Except that, for once in Miyazaki's quite amazing career, his movie isn't any fun at all. It's a flimsy piece of fluff with nowhere to go but down. The first few minutes introduce us to an underwater world teeming with animated marine life, each creature a wacky wonder bursting with the same visual imagination that so comfortably populates Miyazaki's past work. For a brief moment, Ponyo feels like something promising, another enjoyable little movie from a master storyteller in love with the possibilities of animation.
But then the plot kicks in and everything goes to narrative hell in an anime hand-basket. A little boy named Sosuke wanders down to the water that laps at the shore below his home on the cliff. During his routine visit to the ocean, he stumbles upon a "goldfish" (I'm still having troubles with that one) trapped in a bottle. He frees the fish, names it Ponyo, and heads home to show his mother. That all seems harmless enough, but it turns out that Sosuke is about to screw things up pretty royally, since Ponyo gets a taste for human delights such as ham and decides that being a human is way better than being a human-like goldfish.
This greatly angers Ponyo's father, a sea-dwelling guy who looks like a human but is actually some unexplained creature who once was human and... oh, it's not worth it. There's no explanation for what he is, which doesn't really matter, since his purpose is really just to release exposition and force Ponyo into a big, life-altering decision. Should Ponyo return to the sea or live out her life on land as a pink-haired person with a screechy voice? The answer is so obvious that a moronic manatee could write the ending, but that doesn't stop Miyazaki from dragging the story out so he can continue to show off his army of funny-looking fish.
To be fair, part of the problem with Ponyo falls in the hands of those dwelling on this side of the Pacific. The Walt Disney Company has a standing order for all Miyazaki movies of the feature-length variety, which means that each of the Japanese pictures are carted over here for distribution under the familiar Disney banner.
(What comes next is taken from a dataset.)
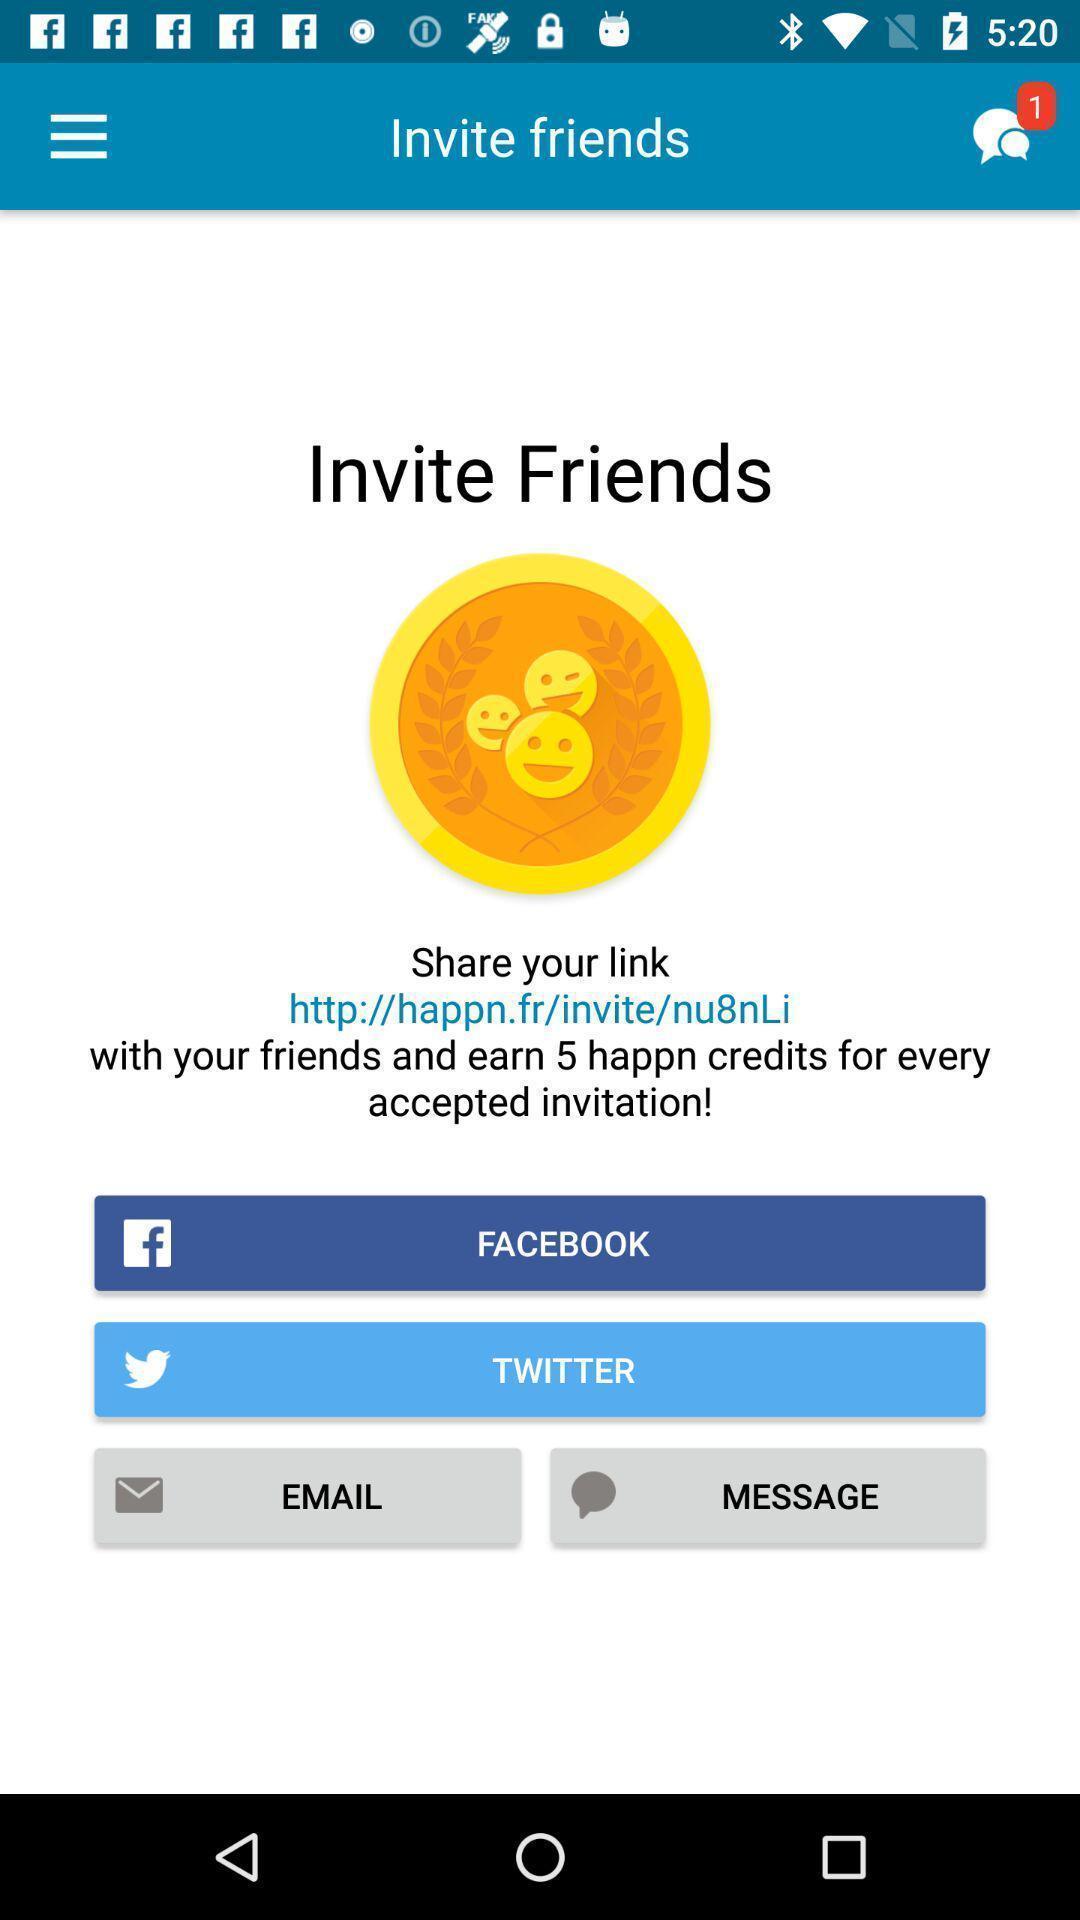Provide a description of this screenshot. Screen asks to invite friends.

Fearing that no one wants to see a kids movie with subtitles, the people behind Disney's distribution deal hire English-speaking actors to record a new dialogue track for the movie. This has worked well in the past (Disney's been doing this with Miyazaki movies for quite a while), but Ponyo's kids are an exception.
Sosuke and Ponyo are voiced by Frankie Jonas (the youngest of the super-popular Jonas Brothers) and Noah Cyrus (younger sister to superstar Miley), respectively. While I can understand the business plan behind the decision to cast these two voices, I have to admit that Jonas and Cyrus come equipped with squealing voices that operate like nails on a chalkboard. It doesn't help that they scream almost every one of their lines. I'm pretty sure I will have nightmares for the rest of my life in which Noah Cyrus screeches the word "ham!" on an endless loop in my ear.
Between Ponyo and July's maddening kiddie crap G-Force, I am beginning to feel like a nasty curmudgeon whining about how they don't make children's entertainment like they used to. But the most frustrating thing is that I consider Miyazaki to be one of the few cinematic storytellers who does have a genuine ability to spin family-friendly tales into heart-warming gold. His previous two features, the 2001 beauty Spirited Away and the 2004 marvel Howl's Moving Castle, are among the best kid's movies in the last decade.
I hope that Ponyo is merely a misstep in a rather brilliant career and not a sign of Miyazaki giving up or running out of creative gas. The filmmaker has not lost his sense of visual imagination, but the threadbare story feels like a carelessly discarded pile of uninteresting ideas. Ponyo is a movie worth watching if it comes with a mute button (the title song, performed by Frankie Jonas and Noah Cyrus and played over the end credits, is a terrifying aural assault), but it's not a movie that I can recommend with a clear conscience. Miyazaki's latest offers lots of goofy-looking marine creatures worthy of a chuckle, but it's really just a narrative whirlpool, spiralling out of control and into obscurity.